Optimization of a novel combined cooling, heating and power cycle driven by geothermal and solar energies using the water/CuO (copper oxide) nanofluid

Abstract

In this paper, a novel micro CCHP (combined cooling, heating and power system) driven by solar and geothermal energies is modeled and optimized. The CCHP system integrated with flat plate collectors is based on an ORC (organic Rankine cycle) with an ejector refrigeration cycle. The CuO (copper oxide) nanoparticles suspended in pure water are applied as the heat transfer medium inside the collector subsystem.
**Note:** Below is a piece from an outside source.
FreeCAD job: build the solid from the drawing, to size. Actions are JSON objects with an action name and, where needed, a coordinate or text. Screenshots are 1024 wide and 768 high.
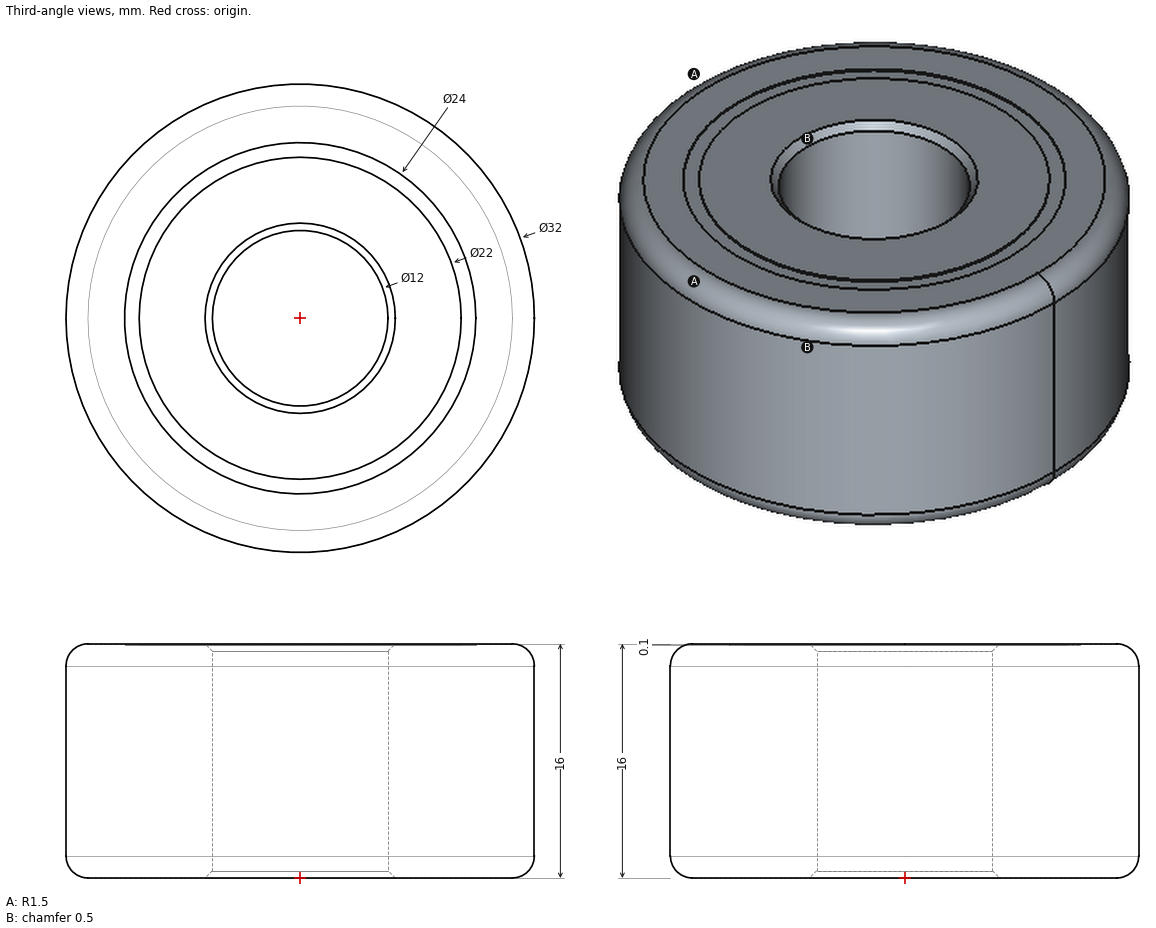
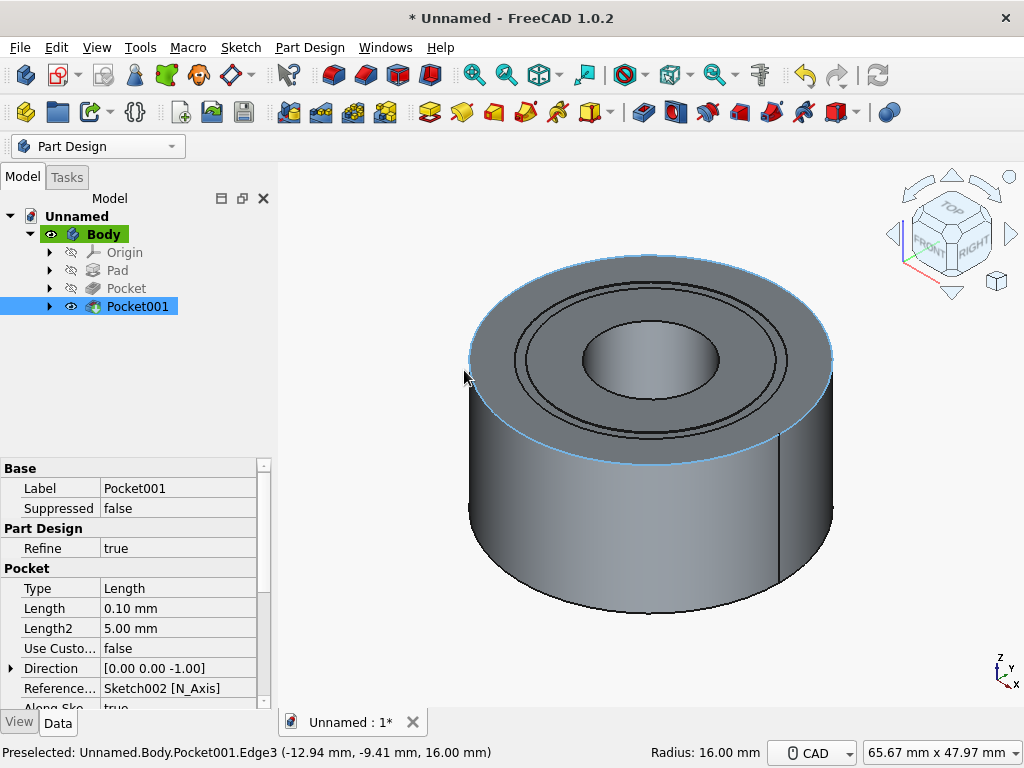
{"action": "key", "text": "2"}

NSGA-II (Non-dominated Sort Genetic Algorithm-II) is individually employed to achieve the final solutions in the multi-objective optimization of the system for four working fluids including R134a, R423A, R1234ze and R134yf from the energy, exergy and exergoeconomic viewpoints. The multi objective optimization results indicate that the best fluid from the energy and exergy viewpoints is R134a with 30.73% and 1.33% improvement, respectively relative to the base case. Also, R423A is the best fluid with the minimum total heat exchangers area so that the maximum nanoparticles volume fraction is required compared with other studied fluids. Furthermore, the best fluid from the exergoeconomic as well as environmental viewpoints is R1234yf with minimum total product cost rate of 5267.91 $/year. In this case, the maximum collector area and the minimum nanoparticles volume fraction are needed compared with other studied fluids.